> _Activity_
Although the records contain pictures, only their text should be set down, exactly as written.

*** Opening Listed entries ***

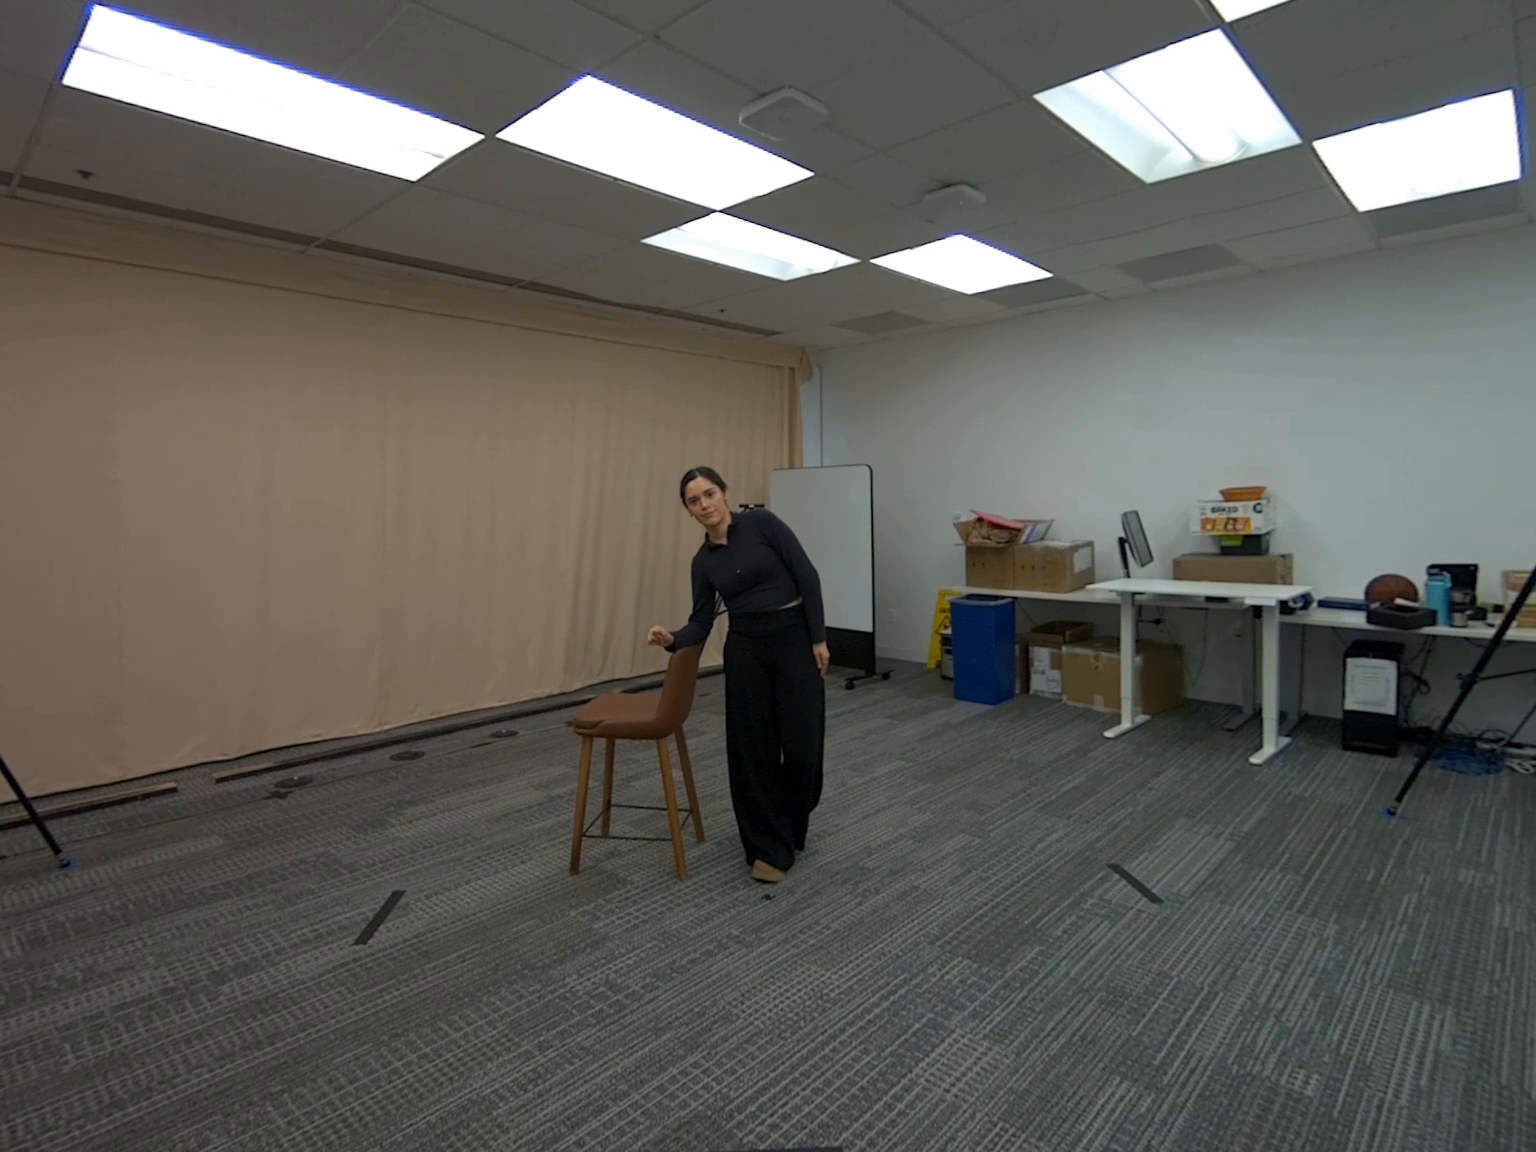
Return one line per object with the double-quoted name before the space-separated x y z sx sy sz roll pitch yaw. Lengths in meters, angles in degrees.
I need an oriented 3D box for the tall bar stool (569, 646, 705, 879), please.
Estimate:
"tall bar stool" -0.514 0.687 3.343 0.473 0.888 0.452 1 3 9
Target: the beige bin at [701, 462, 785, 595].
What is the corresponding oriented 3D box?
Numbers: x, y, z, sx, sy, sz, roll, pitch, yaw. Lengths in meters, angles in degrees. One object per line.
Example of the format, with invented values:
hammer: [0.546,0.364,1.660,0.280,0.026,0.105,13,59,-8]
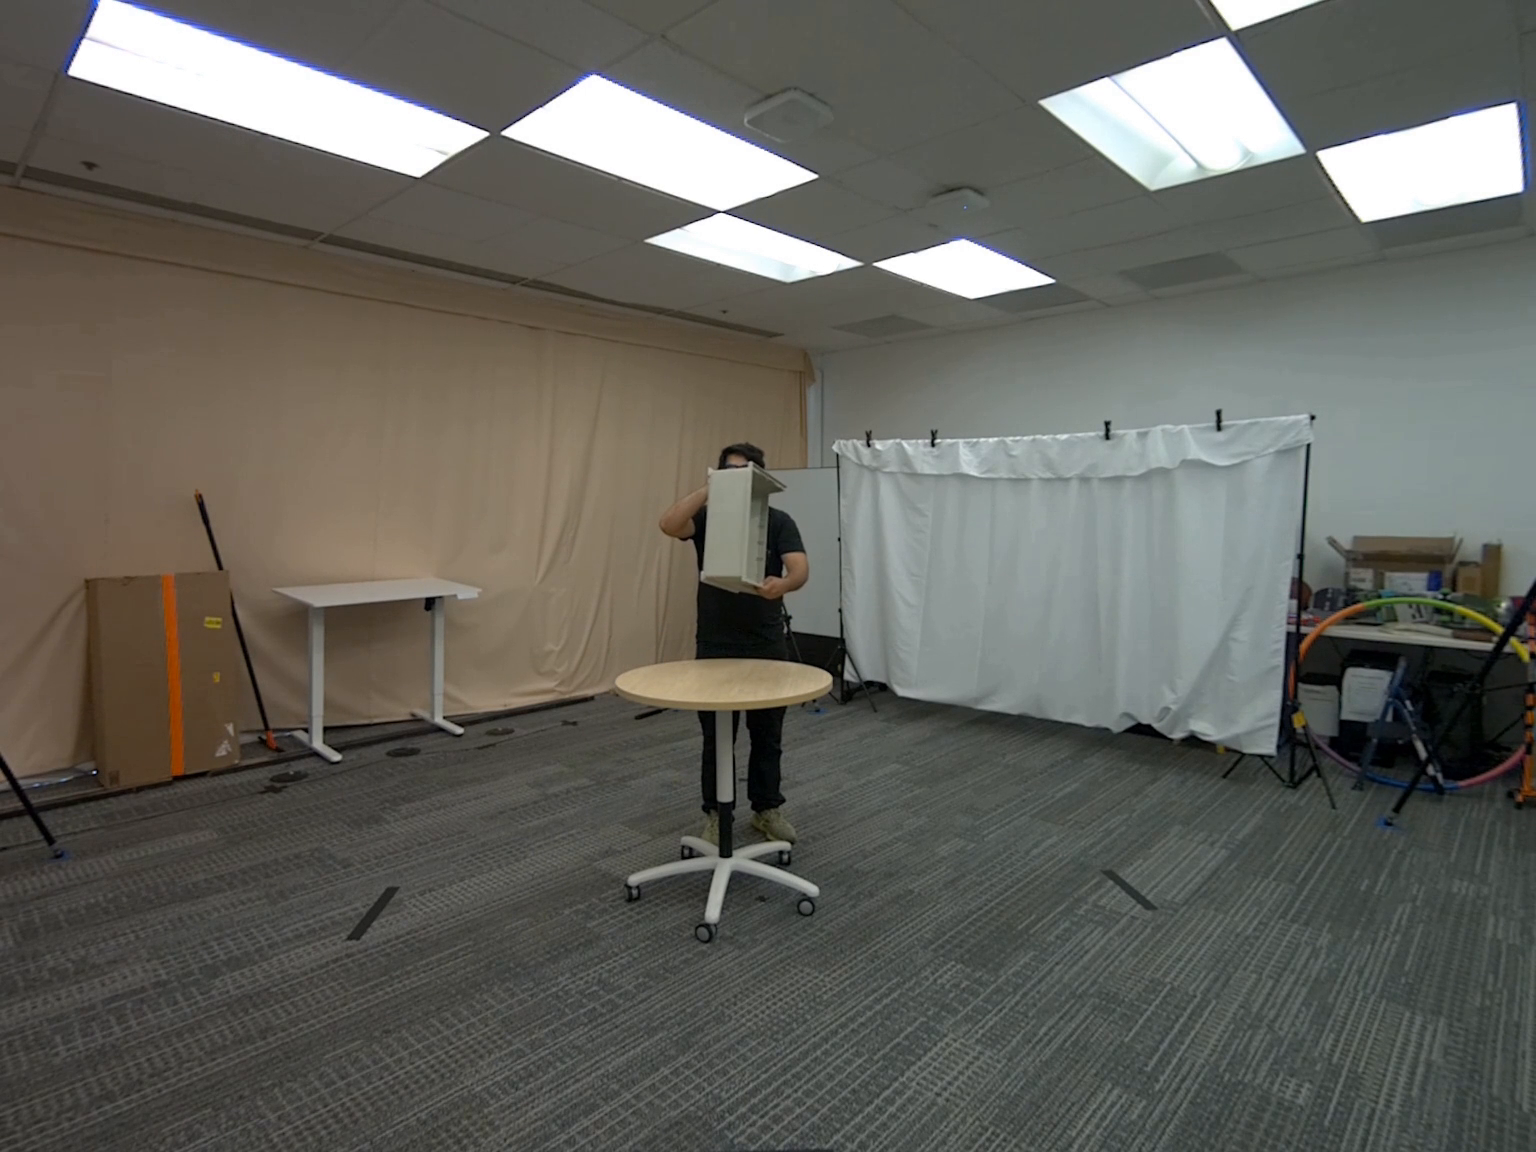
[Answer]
beige bin: [-0.067,-0.161,3.100,0.194,0.425,0.366,-2,-10,26]

*** Closing Listed entries ***

> _Worked solution_
Return one line per object with the double-quoted name before the space-separated x y z sx sy sz roll pitch yaw. Lengths in meters, angles in degrees.
I need an oriented 3D box for the tall bar stool (569, 646, 705, 879), please.
Estimate:
"tall bar stool" -0.514 0.687 3.343 0.473 0.888 0.452 1 3 9
Target: the beige bin at [701, 462, 785, 595].
What is the corresponding oriented 3D box?
Numbers: x, y, z, sx, sy, sz, roll, pitch, yaw. Lengths in meters, angles in degrees. One object per line.
Example of the format, with invented values:
hammer: [0.546,0.364,1.660,0.280,0.026,0.105,13,59,-8]
[Answer]
beige bin: [-0.067,-0.161,3.100,0.194,0.425,0.366,-2,-10,26]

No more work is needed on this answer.